Google made Gemini 1.5 Flash-8B (gemini-1.5-flash-8b-001) generally available on October 3, 2024. It is no longer available: Google deprecated the Gemini 1.5 line and shut the model down on September 24, 2025, so API calls now return errors. Google recommends migrating to newer Flash and Flash-Lite models such as Gemini 2.0 Flash.
How big is Gemini 1.5 Flash-8B and what could it do?
It was a roughly 8-billion-parameter transformer-decoder model distilled from Gemini 1.5 Flash. Despite its small size it was natively multimodal — accepting text, images, audio, and video — with a context window exceeding 1 million tokens (about 1,048,576 input tokens) and up to 8,192 output tokens.

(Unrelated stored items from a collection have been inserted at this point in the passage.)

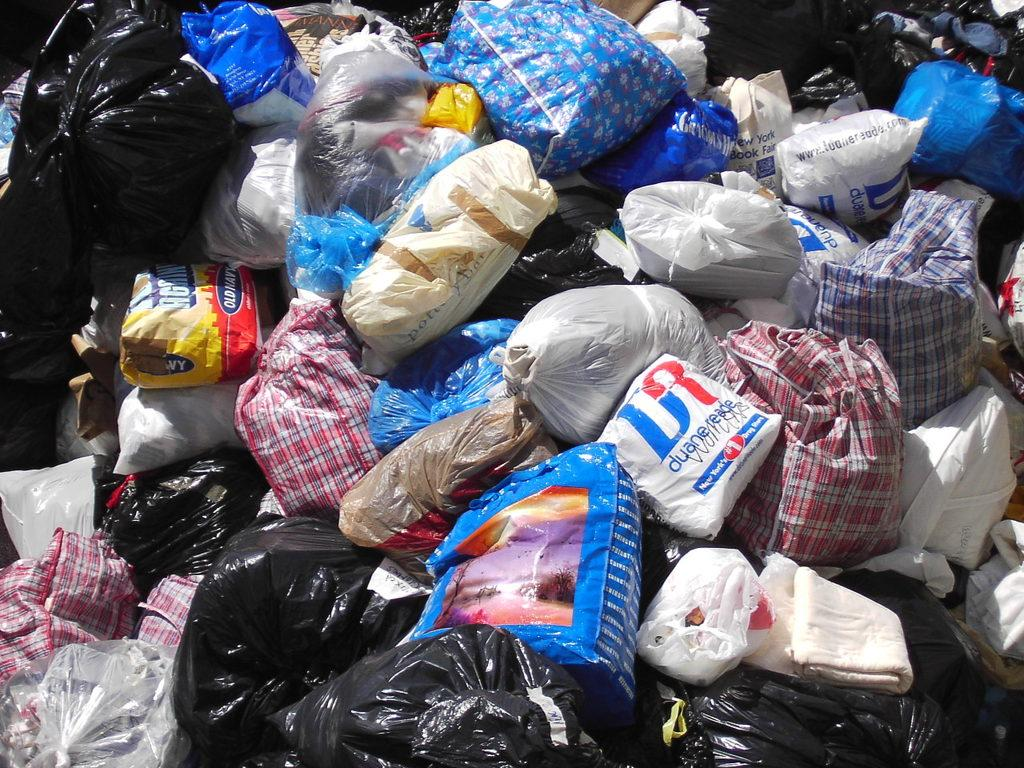What objects are on the ground in the image? There are garbage bags on the ground in the image. What time of day is the grandfather attacking the garbage bags in the image? There is no grandfather or attack present in the image; it only shows garbage bags on the ground. 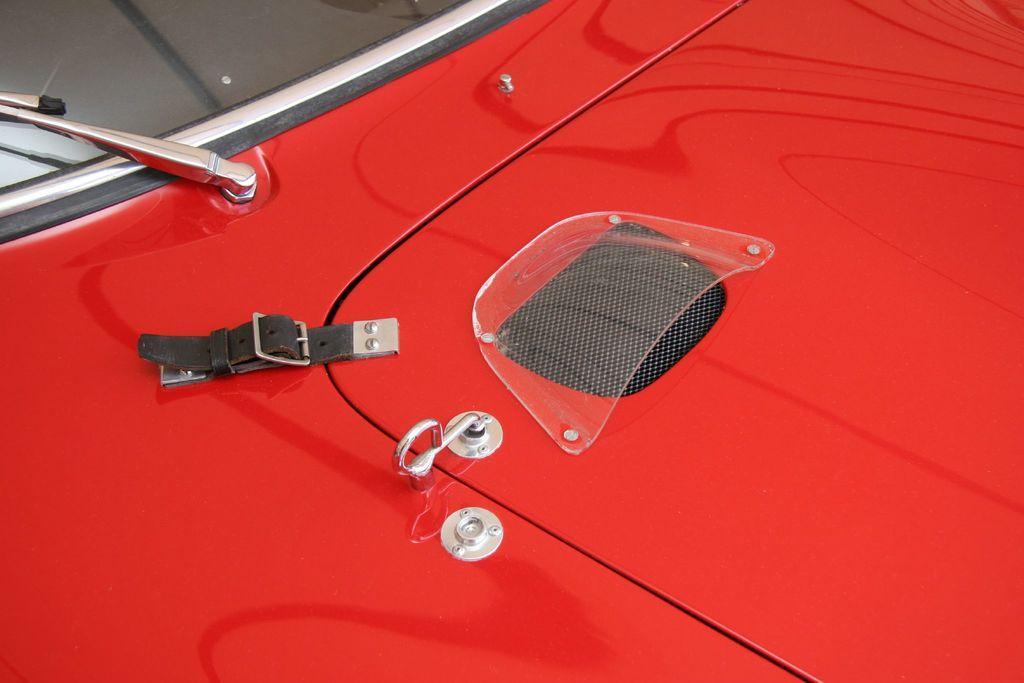Can you describe this image briefly? In the image we can see the front part of the vehicle. 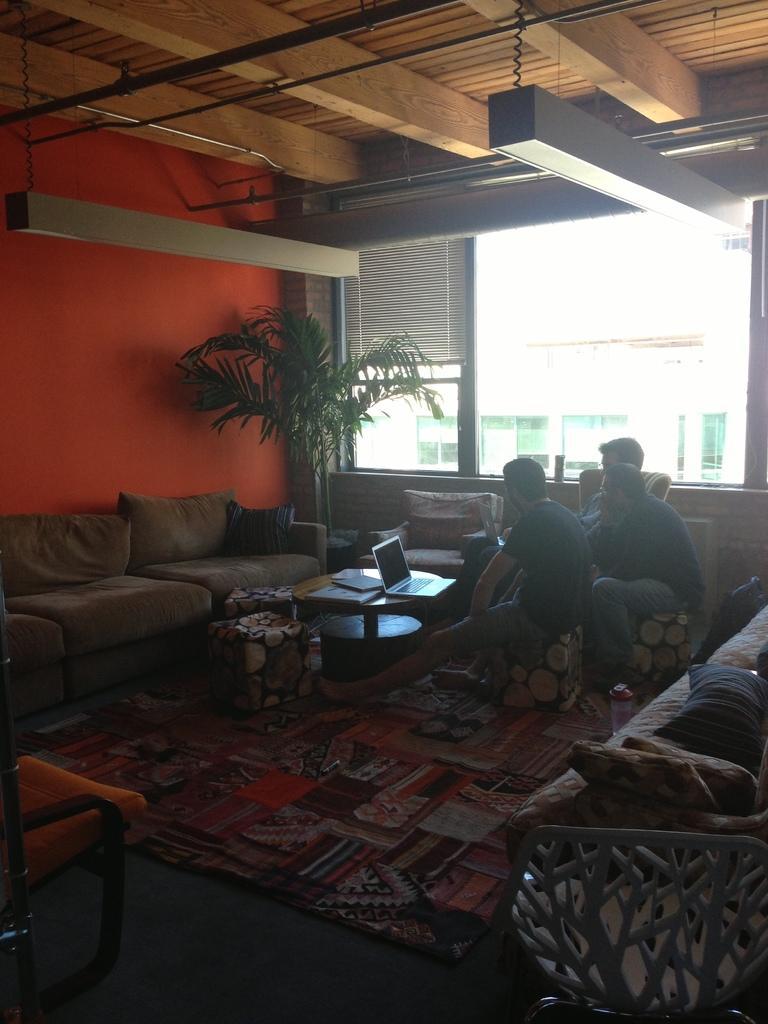Could you give a brief overview of what you see in this image? This picture is clicked inside the room. In the center we can see the group of persons sitting and we can see a laptop and some other objects are placed on the top of the center table and we can see the floor mat, chairs, sofas, cushions and some other objects. In the background we can see the window, window blind, house plant. At the top we can see the roof and the lights hanging on the roof and through the windows we can see the outside view, we can see some other objects.

Google did not publish the exact parameter count.
How much did Gemini 1.5 Flash-8B cost?
At launch it was the cheapest Gemini model: $0.0375 per million input tokens, $0.15 per million output tokens, and $0.01 per million cached input tokens for prompts under 128K. Prices doubled for prompts longer than 128K, and a free tier was available through Google AI Studio and the Gemini API. As of its September 2025 shutdown it is no longer billable.
How well did Gemini 1.5 Flash-8B perform compared to Gemini 1.5 Flash?
Google's technical report showed Flash-8B reaching roughly 80–90% of full Gemini 1.5 Flash quality on many benchmarks. For example it scored 68.1% on MMLU (vs 78.9% for Flash), 50.3% on MMMU, 70.5% on MGSM, and 73.6% on DocVQA — a small quality trade-off in exchange for much higher throughput and lower cost.